Заблуждение: на интервью достаточно назвать модель и перечислить features

Интервьюер ожидает: (1) обоснование выбора модели под latency constraint (DCN inference <4ms vs BERT ~10ms), (2) конкретный latency breakdown по стадиям, (3) объяснение почему cross features важнее deep features для CTR. Просто сказать "используем DNN" -- это red flag.

Заблуждение: privacy constraints не меняют архитектуру

Без third-party cookies (GDPR, iOS ATT) теряется 30-40% targeting signal. Архитектура меняется кардинально: (1) contextual targeting вместо behavioral, (2) on-device modeling (Apple SKAdNetwork), (3) federated learning. На интервью нужно хотя бы упомянуть, что privacy constraints влияют на доступные features.

Заблуждение: exploration для новых ads -- это просто random показы

Random exploration расходует бюджет впустую. Thompson sampling (Bayesian подход) адаптивно выделяет больше показов ads с высоким uncertainty (новые) и меньше -- с низким (проверенные). Converges к optimal allocation в 3-5x быстрее чем epsilon-greedy.

На интервью¶

Типичные ошибки:

"Одна модель скорит все миллионы ads" -- при 500K QPS и миллионах ads нужна multi-stage: targeting filter + lightweight scorer + deep model на top-100

"Калибровка -- это просто sigmoid на выходе модели" -- sigmoid дает uncalibrated probabilities. Нужна post-hoc калибровка (isotonic regression, Platt scaling) с мониторингом predicted/actual ratio

Не упоминает second-price auction -- это основа ценообразования рекламы, без неё ответ показывает незнание домена

Сильные ответы:

"Latency breakdown: candidate selection 2ms (inverted index by targeting), feature extraction 2ms (precomputed в Redis), CTR prediction 4ms (DCN-V2, INT8 quantization, batch=32), auction 2ms. Total: 10ms."

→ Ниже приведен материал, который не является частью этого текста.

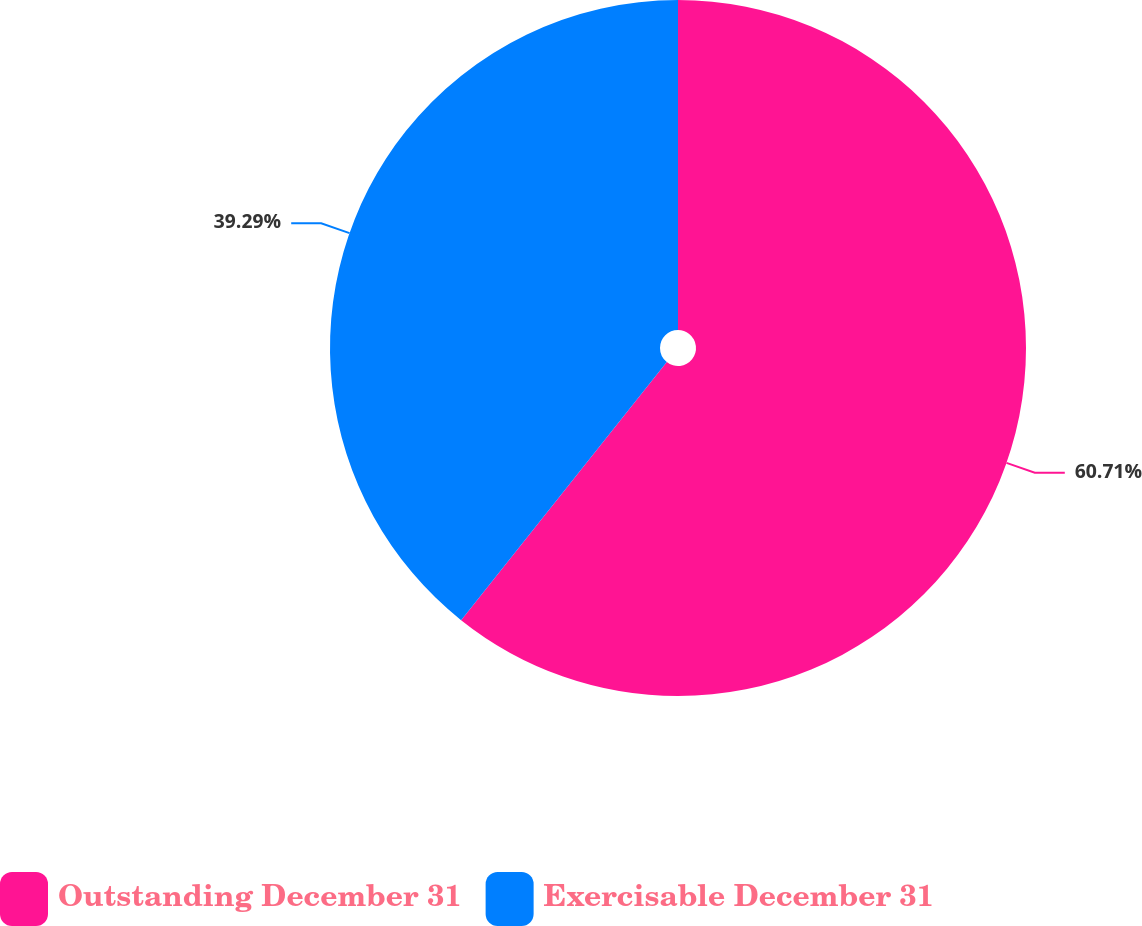<chart> <loc_0><loc_0><loc_500><loc_500><pie_chart><fcel>Outstanding December 31<fcel>Exercisable December 31<nl><fcel>60.71%<fcel>39.29%<nl></chart> 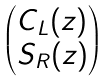Convert formula to latex. <formula><loc_0><loc_0><loc_500><loc_500>\begin{pmatrix} C _ { L } ( z ) \\ S _ { R } ( z ) \end{pmatrix}</formula> 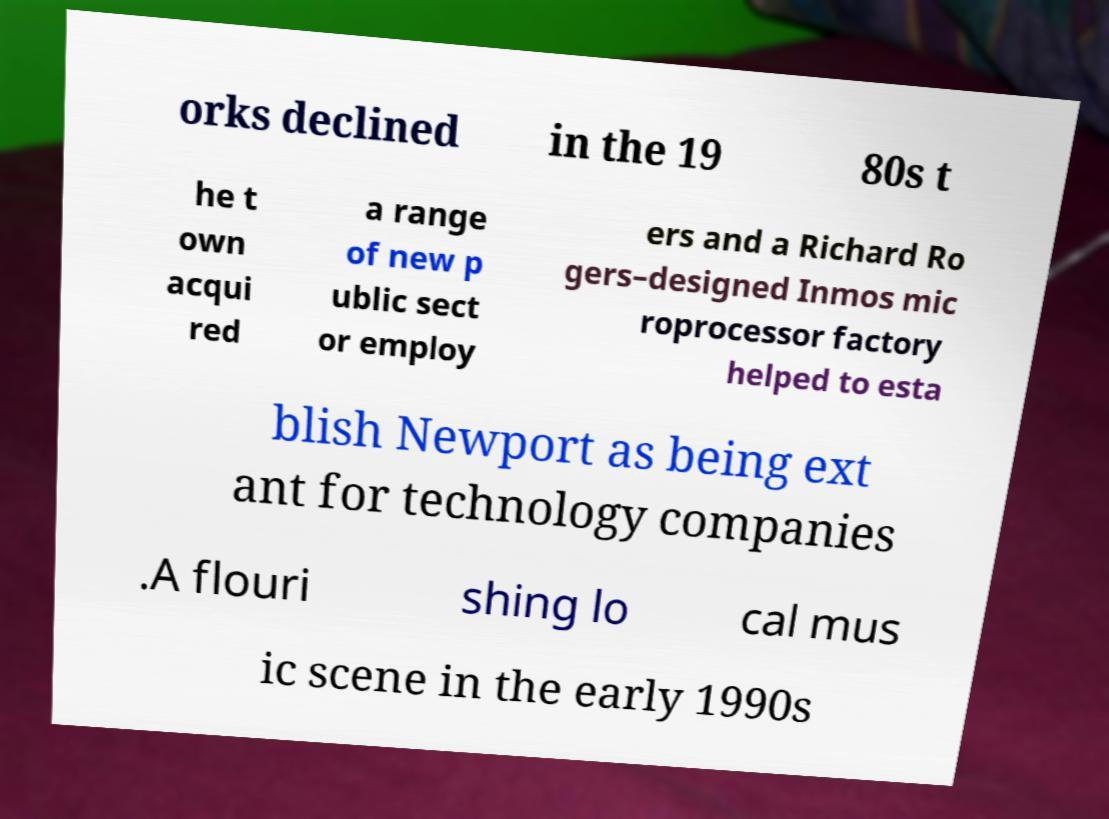Can you read and provide the text displayed in the image?This photo seems to have some interesting text. Can you extract and type it out for me? orks declined in the 19 80s t he t own acqui red a range of new p ublic sect or employ ers and a Richard Ro gers–designed Inmos mic roprocessor factory helped to esta blish Newport as being ext ant for technology companies .A flouri shing lo cal mus ic scene in the early 1990s 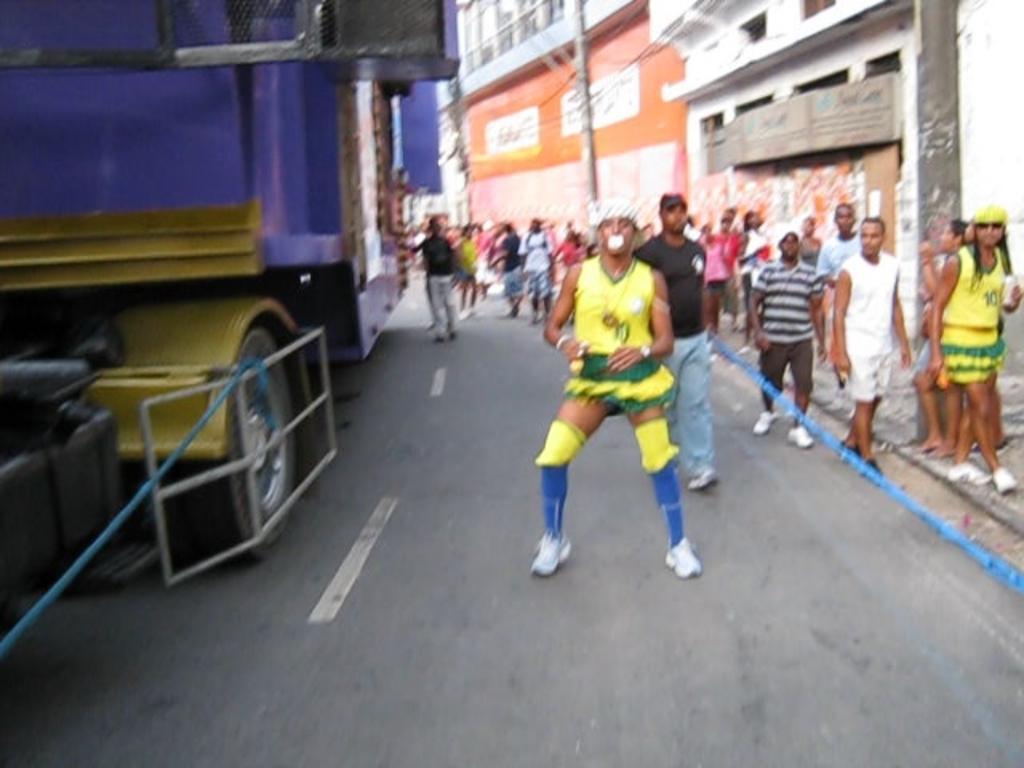Can you describe this image briefly? In this image we can see a road. On the road there is a vehicle. Also there are many people. On the right side there is a building. And there are tapes. 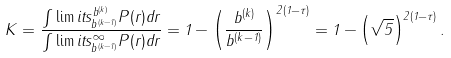<formula> <loc_0><loc_0><loc_500><loc_500>K = \frac { \int \lim i t s _ { b ^ { ( k - 1 ) } } ^ { b ^ { ( k ) } } P ( r ) d r } { \int \lim i t s _ { b ^ { ( k - 1 ) } } ^ { \infty } P ( r ) d r } = 1 - \left ( \frac { b ^ { ( k ) } } { b ^ { ( k - 1 ) } } \right ) ^ { 2 ( 1 - \tau ) } = 1 - \left ( \sqrt { 5 } \right ) ^ { 2 ( 1 - \tau ) } .</formula> 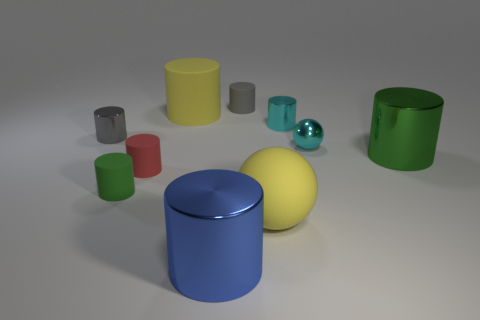Subtract 3 cylinders. How many cylinders are left? 5 Subtract all gray cylinders. How many cylinders are left? 6 Subtract all red matte cylinders. How many cylinders are left? 7 Subtract all brown cylinders. Subtract all purple balls. How many cylinders are left? 8 Subtract all spheres. How many objects are left? 8 Subtract all big green metallic cylinders. Subtract all yellow spheres. How many objects are left? 8 Add 3 cyan shiny spheres. How many cyan shiny spheres are left? 4 Add 8 small cyan matte spheres. How many small cyan matte spheres exist? 8 Subtract 0 cyan cubes. How many objects are left? 10 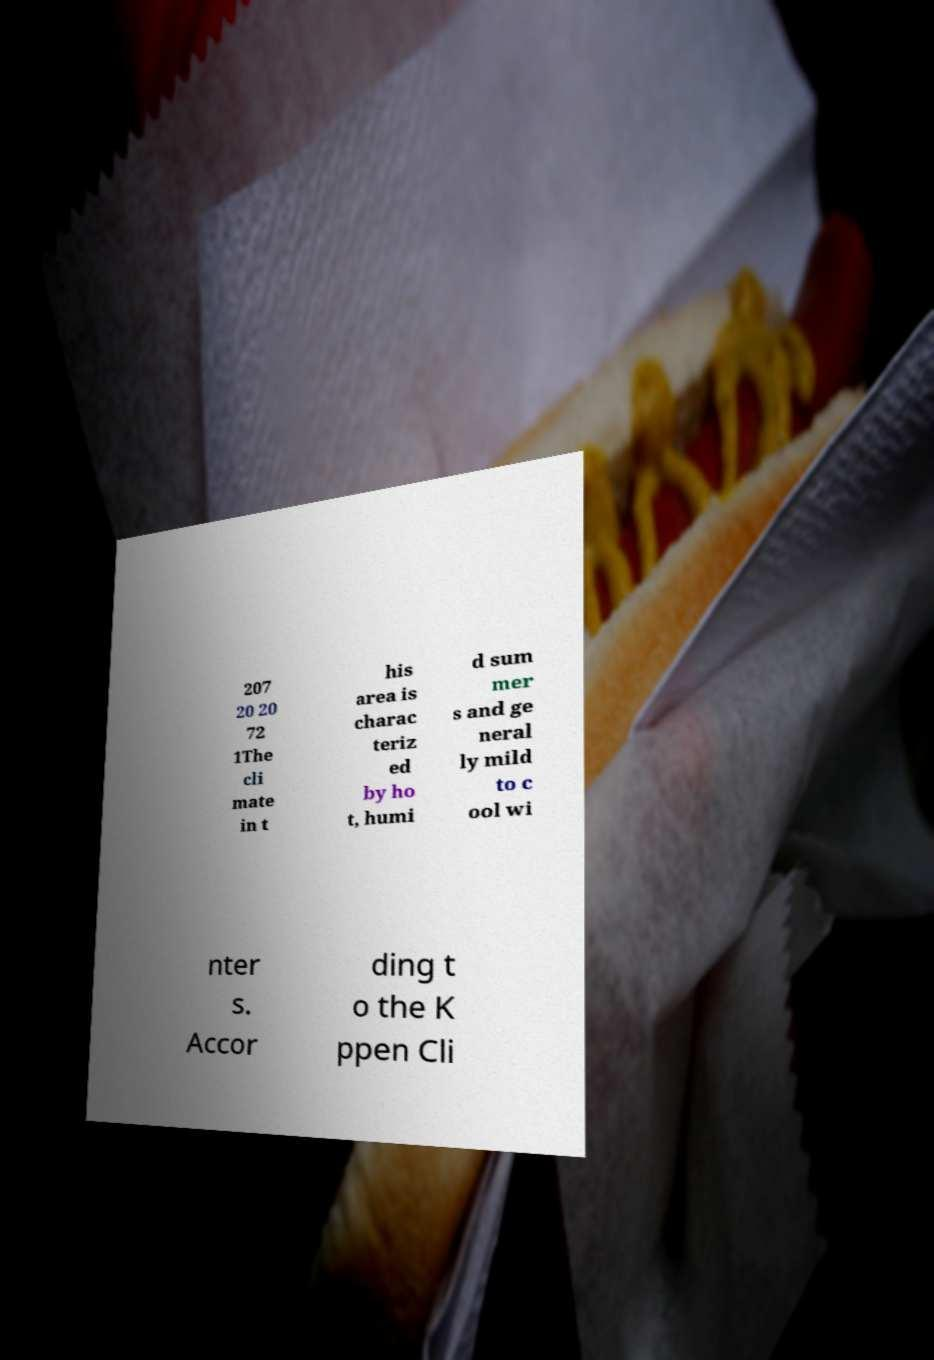What messages or text are displayed in this image? I need them in a readable, typed format. 207 20 20 72 1The cli mate in t his area is charac teriz ed by ho t, humi d sum mer s and ge neral ly mild to c ool wi nter s. Accor ding t o the K ppen Cli

"Multi-objective: Score = w1 * P(click) + w2 * P(click) * P(conversion|click). Отдельные модели для CTR и CVR, combined score для auction ranking. Веса w1, w2 -- бизнес-параметры."

"Cold start: новые ads получают advertiser-level prior CTR, Thompson sampling для exploration (5% трафика). После 1000 impressions модель переходит на ad-level features. Мониторинг: AUC по когортам (new ads vs established)."